**Exercise**
Below is a set of records; restate each one word for word.

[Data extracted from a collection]
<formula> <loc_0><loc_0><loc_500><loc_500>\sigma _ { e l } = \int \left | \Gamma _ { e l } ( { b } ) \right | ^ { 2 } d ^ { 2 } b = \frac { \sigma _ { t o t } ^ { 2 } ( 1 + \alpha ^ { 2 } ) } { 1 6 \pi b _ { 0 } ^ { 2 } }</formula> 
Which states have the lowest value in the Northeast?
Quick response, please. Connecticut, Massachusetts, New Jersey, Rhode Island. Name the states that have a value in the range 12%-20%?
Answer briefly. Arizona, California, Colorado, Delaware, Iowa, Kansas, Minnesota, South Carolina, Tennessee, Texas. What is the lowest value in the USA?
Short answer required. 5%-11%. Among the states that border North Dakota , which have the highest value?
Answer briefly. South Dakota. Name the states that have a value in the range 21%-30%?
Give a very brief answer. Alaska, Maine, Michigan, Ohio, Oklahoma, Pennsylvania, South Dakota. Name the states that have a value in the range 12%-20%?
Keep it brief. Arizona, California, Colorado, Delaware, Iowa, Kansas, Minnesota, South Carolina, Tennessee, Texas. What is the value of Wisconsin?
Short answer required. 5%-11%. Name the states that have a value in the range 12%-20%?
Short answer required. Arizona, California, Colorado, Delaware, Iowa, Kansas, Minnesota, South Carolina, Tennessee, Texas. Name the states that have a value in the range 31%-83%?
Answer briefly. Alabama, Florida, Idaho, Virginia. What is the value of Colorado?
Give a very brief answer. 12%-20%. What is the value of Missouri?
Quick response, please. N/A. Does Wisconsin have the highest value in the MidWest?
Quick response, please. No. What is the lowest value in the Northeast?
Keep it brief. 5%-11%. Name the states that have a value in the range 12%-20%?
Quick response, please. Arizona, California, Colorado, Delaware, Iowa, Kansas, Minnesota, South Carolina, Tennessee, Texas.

**Response below**
<formula> <loc_0><loc_0><loc_500><loc_500>\sigma _ { e l } = \int \left | \Gamma _ { e l } ( { b } ) \right | ^ { 2 } d ^ { 2 } b = \frac { \sigma _ { t o t } ^ { 2 } ( 1 + \alpha ^ { 2 } ) } { 1 6 \pi b _ { 0 } ^ { 2 } }</formula> 
Which states have the lowest value in the Northeast?
Quick response, please. Connecticut, Massachusetts, New Jersey, Rhode Island. Name the states that have a value in the range 12%-20%?
Answer briefly. Arizona, California, Colorado, Delaware, Iowa, Kansas, Minnesota, South Carolina, Tennessee, Texas. What is the lowest value in the USA?
Short answer required. 5%-11%. Among the states that border North Dakota , which have the highest value?
Answer briefly. South Dakota. Name the states that have a value in the range 21%-30%?
Give a very brief answer. Alaska, Maine, Michigan, Ohio, Oklahoma, Pennsylvania, South Dakota. Name the states that have a value in the range 12%-20%?
Keep it brief. Arizona, California, Colorado, Delaware, Iowa, Kansas, Minnesota, South Carolina, Tennessee, Texas. What is the value of Wisconsin?
Short answer required. 5%-11%. Name the states that have a value in the range 12%-20%?
Short answer required. Arizona, California, Colorado, Delaware, Iowa, Kansas, Minnesota, South Carolina, Tennessee, Texas. Name the states that have a value in the range 31%-83%?
Answer briefly. Alabama, Florida, Idaho, Virginia. What is the value of Colorado?
Give a very brief answer. 12%-20%. What is the value of Missouri?
Quick response, please. N/A. Does Wisconsin have the highest value in the MidWest?
Quick response, please. No. What is the lowest value in the Northeast?
Keep it brief. 5%-11%. Name the states that have a value in the range 12%-20%?
Quick response, please. Arizona, California, Colorado, Delaware, Iowa, Kansas, Minnesota, South Carolina, Tennessee, Texas.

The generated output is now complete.